Thanks to Mats Naslund for discussions leading up to this writeup.



The best cryptographic definition of confidentiality is the
indistinguishability of ciphertext from random data.  For counter mode, this
definition leads to the limitation that no more than 2^64 AES blocks should
be generated with a single key [BDJR].  This limitation is well known, but
the fact that it is derived from indistinguishability rather than an attack
that violates confidentiality makes its justification somewhat unsatisfying.
A description of a confidentiality-violating attack that is possible when
this bound is violated could be useful in explaining the rationale for these
bounds.  Below we outline such an attack against AES counter mode.

Suppose that Eve has 2^64 ciphertext blocks.  She knows that the plaintext
block P corresponding to the ciphertext block C contains either the message
M0 = "ATTACK AT DAWN. " or the message M1 = "ATTACK CANCELED."   We'll call
the knowledge of such a relation a crib.  The blocks C and P are related by
C = P XOR K, where K is the keystream block corresponding to P.  Eve also
knows the value of other plaintext blocks, and thus has a set S = { K0, K1,
K2, ... } of keystream blocks.

If the value (C XOR M0) appears in the set S, then Eve knows that M0 is
*not* the true value of the plaintext P.  Because each keystream block is
distinct for each fixed key (since AES is a permutation, i.e. an invertible
function), any single keystream block value (C XOR M0) will not appear in
more than one block.  Thus the appearance of (C XOR M0) in the set S tells
Eve that the true value of the plaintext P is the message M1.  We call this
event a successful crib.

The probability of any particular value appearing in the set S is close to
2^-128, so the likelihood of her getting a plaintext value from any
particular crib is quite low.  However, Eve might well have many cribs.  If
the set S of keystream blocks known to Eve has cardinality 2^64, and Eve has
2^64 cribs, then Eve can expect to have one crib that is successful.  This
fact follows from the birthday paradox, since the product of the
cardinalities of the sets of known plaintext and cribs is close to 2^128.

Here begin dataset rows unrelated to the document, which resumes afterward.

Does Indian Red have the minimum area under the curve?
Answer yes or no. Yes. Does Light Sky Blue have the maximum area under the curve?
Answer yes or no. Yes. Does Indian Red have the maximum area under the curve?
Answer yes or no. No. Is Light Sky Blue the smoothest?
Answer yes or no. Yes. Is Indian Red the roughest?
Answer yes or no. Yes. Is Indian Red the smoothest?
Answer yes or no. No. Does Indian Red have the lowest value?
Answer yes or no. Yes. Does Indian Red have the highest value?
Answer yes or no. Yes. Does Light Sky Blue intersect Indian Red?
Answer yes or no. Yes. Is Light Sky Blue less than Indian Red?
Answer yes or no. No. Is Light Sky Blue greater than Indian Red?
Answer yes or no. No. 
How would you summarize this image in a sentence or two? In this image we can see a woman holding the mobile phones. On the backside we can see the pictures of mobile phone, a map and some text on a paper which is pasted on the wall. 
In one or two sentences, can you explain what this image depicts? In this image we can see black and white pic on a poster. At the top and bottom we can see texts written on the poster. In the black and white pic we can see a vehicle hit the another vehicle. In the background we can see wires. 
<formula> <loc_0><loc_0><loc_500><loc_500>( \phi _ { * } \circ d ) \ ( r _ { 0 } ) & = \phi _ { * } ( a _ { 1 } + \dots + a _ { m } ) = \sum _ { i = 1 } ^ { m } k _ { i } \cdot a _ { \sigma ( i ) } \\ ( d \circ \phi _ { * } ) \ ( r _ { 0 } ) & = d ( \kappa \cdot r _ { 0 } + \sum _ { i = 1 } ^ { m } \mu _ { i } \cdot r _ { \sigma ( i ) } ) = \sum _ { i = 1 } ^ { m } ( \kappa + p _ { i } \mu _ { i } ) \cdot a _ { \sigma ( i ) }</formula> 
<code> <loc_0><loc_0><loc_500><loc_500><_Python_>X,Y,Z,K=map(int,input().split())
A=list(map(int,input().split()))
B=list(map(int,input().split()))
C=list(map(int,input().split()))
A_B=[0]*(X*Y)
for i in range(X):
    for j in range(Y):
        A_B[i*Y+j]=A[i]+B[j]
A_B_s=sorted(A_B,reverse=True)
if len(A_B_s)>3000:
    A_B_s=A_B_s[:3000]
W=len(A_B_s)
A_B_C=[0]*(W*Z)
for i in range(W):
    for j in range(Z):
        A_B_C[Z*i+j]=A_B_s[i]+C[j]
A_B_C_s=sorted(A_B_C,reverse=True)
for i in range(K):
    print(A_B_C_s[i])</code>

This attack relies on Eve having a great amount of known plaintext, an
assumption which might be unrealistic in many practical situations.
However, the important fact here is that it *is* possible to make counter
mode be provably secure even against adversaries who have large amounts of
known plaintext, independent of the statistical distribution of the
plaintext and the adversary's knowledge of it.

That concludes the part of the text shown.